- _RECORDS FOR THE TASK_
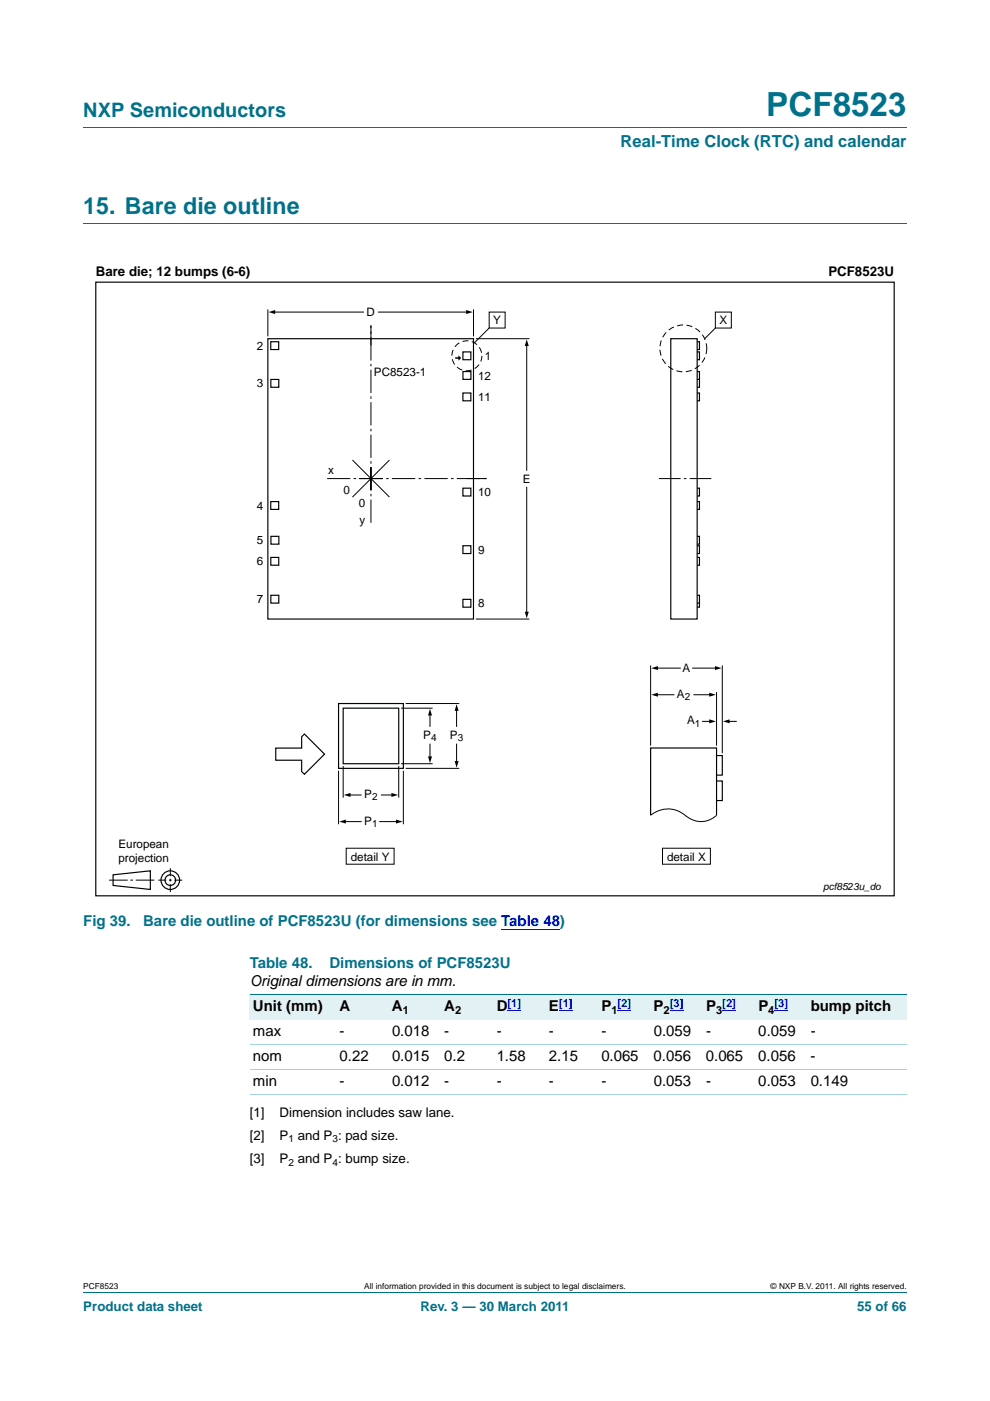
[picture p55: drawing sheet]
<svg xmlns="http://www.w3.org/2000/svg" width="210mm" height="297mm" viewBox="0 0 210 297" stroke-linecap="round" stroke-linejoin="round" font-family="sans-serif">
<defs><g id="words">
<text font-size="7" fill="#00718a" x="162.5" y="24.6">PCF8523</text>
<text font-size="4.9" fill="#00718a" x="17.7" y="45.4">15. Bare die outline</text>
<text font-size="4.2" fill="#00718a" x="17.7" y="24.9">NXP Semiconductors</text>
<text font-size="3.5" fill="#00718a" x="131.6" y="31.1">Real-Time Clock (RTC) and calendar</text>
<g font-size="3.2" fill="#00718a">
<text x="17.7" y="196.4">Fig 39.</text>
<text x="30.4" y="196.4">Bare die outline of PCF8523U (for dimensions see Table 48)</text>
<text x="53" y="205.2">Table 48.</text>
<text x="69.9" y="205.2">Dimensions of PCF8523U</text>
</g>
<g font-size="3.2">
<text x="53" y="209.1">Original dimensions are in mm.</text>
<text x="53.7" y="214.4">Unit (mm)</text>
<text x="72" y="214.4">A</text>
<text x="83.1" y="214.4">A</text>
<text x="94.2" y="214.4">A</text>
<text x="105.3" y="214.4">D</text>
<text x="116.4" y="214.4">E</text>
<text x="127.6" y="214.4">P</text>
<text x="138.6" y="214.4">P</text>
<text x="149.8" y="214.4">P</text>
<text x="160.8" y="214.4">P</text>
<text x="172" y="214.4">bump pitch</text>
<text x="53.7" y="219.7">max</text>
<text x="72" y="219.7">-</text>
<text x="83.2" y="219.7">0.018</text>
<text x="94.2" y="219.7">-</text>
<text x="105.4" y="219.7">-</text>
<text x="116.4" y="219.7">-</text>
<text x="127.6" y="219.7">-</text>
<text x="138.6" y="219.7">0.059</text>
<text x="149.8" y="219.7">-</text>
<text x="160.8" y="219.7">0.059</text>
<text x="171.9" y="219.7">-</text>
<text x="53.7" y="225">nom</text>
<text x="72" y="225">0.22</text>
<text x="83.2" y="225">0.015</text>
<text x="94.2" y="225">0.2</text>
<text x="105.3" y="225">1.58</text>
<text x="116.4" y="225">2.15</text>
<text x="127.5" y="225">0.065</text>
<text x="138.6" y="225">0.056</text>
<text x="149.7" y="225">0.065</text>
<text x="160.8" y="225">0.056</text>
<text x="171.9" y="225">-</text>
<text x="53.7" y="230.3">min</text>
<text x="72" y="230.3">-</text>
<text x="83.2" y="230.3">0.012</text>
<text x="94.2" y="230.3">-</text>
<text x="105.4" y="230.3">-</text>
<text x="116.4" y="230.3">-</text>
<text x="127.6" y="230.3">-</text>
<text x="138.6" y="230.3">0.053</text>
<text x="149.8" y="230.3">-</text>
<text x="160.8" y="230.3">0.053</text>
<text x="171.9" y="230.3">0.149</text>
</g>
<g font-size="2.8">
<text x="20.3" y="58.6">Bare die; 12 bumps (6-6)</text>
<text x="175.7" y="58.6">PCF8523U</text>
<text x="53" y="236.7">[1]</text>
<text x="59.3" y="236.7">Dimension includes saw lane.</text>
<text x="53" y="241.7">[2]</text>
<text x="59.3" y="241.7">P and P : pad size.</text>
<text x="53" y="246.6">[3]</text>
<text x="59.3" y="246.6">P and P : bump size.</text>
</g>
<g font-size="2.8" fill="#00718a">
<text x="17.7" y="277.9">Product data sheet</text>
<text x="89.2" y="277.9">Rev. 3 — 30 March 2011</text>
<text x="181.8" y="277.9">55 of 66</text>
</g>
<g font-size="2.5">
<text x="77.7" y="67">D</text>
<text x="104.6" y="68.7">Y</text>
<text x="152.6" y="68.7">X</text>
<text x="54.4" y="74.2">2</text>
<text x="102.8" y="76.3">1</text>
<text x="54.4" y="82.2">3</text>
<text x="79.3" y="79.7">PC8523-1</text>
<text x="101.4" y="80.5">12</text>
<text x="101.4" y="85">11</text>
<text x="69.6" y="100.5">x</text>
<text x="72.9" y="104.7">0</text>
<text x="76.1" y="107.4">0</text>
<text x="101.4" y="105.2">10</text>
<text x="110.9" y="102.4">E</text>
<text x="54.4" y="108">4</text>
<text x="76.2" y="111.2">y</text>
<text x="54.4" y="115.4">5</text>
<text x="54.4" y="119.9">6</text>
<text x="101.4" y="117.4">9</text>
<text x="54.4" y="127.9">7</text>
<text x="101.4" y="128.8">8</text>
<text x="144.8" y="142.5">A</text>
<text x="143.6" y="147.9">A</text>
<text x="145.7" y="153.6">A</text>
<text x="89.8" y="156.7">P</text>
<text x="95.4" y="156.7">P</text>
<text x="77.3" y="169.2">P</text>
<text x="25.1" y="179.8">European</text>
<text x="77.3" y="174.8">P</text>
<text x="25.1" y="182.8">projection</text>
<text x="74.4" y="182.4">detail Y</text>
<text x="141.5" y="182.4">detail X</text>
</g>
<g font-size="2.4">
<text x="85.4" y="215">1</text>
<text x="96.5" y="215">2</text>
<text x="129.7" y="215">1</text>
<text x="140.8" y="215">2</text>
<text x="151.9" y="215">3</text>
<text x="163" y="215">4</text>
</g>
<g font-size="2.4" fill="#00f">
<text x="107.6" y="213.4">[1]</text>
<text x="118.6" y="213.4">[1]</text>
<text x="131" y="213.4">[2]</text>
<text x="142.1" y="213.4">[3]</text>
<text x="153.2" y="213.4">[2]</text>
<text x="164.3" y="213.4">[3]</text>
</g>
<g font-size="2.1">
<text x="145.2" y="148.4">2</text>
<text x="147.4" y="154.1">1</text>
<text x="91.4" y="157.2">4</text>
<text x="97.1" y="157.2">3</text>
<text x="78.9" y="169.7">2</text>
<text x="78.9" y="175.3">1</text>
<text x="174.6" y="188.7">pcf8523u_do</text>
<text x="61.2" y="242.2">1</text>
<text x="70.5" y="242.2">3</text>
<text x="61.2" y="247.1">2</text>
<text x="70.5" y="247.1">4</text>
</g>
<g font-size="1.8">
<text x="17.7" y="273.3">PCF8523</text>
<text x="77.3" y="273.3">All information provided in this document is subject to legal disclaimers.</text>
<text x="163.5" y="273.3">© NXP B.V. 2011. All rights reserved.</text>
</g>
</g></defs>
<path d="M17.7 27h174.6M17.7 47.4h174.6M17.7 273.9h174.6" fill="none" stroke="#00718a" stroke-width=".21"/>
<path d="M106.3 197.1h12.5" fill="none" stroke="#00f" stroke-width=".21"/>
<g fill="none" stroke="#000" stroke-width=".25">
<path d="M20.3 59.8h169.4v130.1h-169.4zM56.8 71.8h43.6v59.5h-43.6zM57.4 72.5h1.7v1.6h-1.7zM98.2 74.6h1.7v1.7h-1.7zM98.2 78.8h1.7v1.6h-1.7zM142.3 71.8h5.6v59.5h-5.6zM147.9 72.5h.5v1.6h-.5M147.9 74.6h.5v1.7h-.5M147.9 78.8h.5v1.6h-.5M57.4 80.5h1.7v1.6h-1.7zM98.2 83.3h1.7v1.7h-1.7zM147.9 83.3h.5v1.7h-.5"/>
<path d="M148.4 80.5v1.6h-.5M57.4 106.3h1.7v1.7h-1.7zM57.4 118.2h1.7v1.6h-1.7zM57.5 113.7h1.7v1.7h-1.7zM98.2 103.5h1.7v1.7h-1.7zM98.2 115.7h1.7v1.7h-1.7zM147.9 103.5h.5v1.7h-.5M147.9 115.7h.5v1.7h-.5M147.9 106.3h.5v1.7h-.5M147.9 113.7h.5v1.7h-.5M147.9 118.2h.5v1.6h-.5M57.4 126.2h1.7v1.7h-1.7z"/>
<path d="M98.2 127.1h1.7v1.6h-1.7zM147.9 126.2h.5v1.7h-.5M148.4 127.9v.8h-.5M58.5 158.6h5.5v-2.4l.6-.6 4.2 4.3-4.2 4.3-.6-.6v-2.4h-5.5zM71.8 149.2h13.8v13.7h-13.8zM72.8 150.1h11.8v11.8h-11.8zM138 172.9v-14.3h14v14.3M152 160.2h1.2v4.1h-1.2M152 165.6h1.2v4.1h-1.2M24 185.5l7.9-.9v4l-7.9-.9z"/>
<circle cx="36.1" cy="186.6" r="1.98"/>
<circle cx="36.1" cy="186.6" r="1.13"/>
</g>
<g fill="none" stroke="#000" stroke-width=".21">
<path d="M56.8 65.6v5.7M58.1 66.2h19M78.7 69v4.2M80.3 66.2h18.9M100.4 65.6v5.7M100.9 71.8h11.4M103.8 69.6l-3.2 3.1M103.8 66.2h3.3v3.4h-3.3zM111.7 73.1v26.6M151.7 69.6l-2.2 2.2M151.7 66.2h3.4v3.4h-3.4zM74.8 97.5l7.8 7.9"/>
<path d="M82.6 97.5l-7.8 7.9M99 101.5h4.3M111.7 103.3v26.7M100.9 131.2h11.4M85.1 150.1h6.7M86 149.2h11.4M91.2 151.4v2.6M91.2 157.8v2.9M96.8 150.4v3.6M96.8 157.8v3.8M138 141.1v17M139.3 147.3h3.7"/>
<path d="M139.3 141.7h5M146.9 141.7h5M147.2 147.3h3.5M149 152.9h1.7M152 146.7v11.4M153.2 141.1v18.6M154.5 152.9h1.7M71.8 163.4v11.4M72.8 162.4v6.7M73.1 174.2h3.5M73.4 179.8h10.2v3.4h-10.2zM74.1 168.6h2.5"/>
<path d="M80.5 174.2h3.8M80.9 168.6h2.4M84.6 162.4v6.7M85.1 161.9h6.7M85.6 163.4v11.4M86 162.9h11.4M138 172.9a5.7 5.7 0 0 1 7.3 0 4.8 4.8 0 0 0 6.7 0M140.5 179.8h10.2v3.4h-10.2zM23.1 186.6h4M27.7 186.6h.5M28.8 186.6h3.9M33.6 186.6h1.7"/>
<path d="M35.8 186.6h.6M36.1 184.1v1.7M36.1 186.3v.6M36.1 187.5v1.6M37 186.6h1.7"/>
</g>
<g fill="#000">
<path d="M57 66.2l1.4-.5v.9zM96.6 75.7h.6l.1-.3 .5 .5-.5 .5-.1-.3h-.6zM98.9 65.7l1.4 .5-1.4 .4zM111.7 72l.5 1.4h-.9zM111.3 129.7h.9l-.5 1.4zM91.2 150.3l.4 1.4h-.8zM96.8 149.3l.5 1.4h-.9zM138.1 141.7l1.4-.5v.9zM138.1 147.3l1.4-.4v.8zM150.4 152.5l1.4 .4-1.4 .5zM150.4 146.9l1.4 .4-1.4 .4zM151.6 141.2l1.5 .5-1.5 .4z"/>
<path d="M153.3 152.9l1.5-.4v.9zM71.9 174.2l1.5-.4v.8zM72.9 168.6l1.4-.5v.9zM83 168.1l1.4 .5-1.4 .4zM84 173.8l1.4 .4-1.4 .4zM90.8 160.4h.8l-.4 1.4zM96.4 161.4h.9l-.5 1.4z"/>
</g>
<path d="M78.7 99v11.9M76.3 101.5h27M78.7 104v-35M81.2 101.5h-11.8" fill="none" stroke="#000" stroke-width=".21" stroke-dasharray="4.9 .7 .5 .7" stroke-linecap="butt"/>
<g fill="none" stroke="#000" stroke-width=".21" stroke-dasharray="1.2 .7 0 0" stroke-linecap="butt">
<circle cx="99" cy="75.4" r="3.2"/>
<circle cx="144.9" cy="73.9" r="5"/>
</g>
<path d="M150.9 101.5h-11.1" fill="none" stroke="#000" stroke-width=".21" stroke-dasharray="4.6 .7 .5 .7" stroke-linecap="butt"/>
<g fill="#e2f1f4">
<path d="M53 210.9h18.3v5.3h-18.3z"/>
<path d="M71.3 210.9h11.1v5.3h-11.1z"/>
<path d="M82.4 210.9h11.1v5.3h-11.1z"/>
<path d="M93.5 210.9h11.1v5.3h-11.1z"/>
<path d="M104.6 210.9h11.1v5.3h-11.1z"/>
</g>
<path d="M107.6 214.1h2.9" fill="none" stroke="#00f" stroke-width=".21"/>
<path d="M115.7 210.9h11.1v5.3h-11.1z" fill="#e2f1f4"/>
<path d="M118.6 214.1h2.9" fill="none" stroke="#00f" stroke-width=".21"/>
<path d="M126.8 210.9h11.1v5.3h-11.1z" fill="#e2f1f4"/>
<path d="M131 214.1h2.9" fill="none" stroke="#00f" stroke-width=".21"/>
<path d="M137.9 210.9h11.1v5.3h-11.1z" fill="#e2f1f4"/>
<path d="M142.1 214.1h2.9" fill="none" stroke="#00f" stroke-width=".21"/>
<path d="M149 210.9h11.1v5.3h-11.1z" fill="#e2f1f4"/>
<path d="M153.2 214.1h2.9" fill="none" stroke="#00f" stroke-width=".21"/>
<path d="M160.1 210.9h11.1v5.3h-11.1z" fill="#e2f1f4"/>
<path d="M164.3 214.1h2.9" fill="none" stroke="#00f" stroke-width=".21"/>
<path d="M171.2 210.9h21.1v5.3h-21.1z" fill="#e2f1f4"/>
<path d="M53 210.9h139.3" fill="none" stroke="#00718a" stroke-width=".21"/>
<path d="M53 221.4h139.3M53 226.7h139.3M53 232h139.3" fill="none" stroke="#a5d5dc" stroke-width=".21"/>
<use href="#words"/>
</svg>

- _PROBLEM DESCRIPTION_
Pictures excluded, repeat the records exactly from their opening line through the line containing "are in mm.</text>".

- _RESPONSE TO THE TASK_
[picture p55: drawing sheet]
<svg xmlns="http://www.w3.org/2000/svg" width="210mm" height="297mm" viewBox="0 0 210 297" stroke-linecap="round" stroke-linejoin="round" font-family="sans-serif">
<defs><g id="words">
<text font-size="7" fill="#00718a" x="162.5" y="24.6">PCF8523</text>
<text font-size="4.9" fill="#00718a" x="17.7" y="45.4">15. Bare die outline</text>
<text font-size="4.2" fill="#00718a" x="17.7" y="24.9">NXP Semiconductors</text>
<text font-size="3.5" fill="#00718a" x="131.6" y="31.1">Real-Time Clock (RTC) and calendar</text>
<g font-size="3.2" fill="#00718a">
<text x="17.7" y="196.4">Fig 39.</text>
<text x="30.4" y="196.4">Bare die outline of PCF8523U (for dimensions see Table 48)</text>
<text x="53" y="205.2">Table 48.</text>
<text x="69.9" y="205.2">Dimensions of PCF8523U</text>
</g>
<g font-size="3.2">
<text x="53" y="209.1">Original dimensions are in mm.</text>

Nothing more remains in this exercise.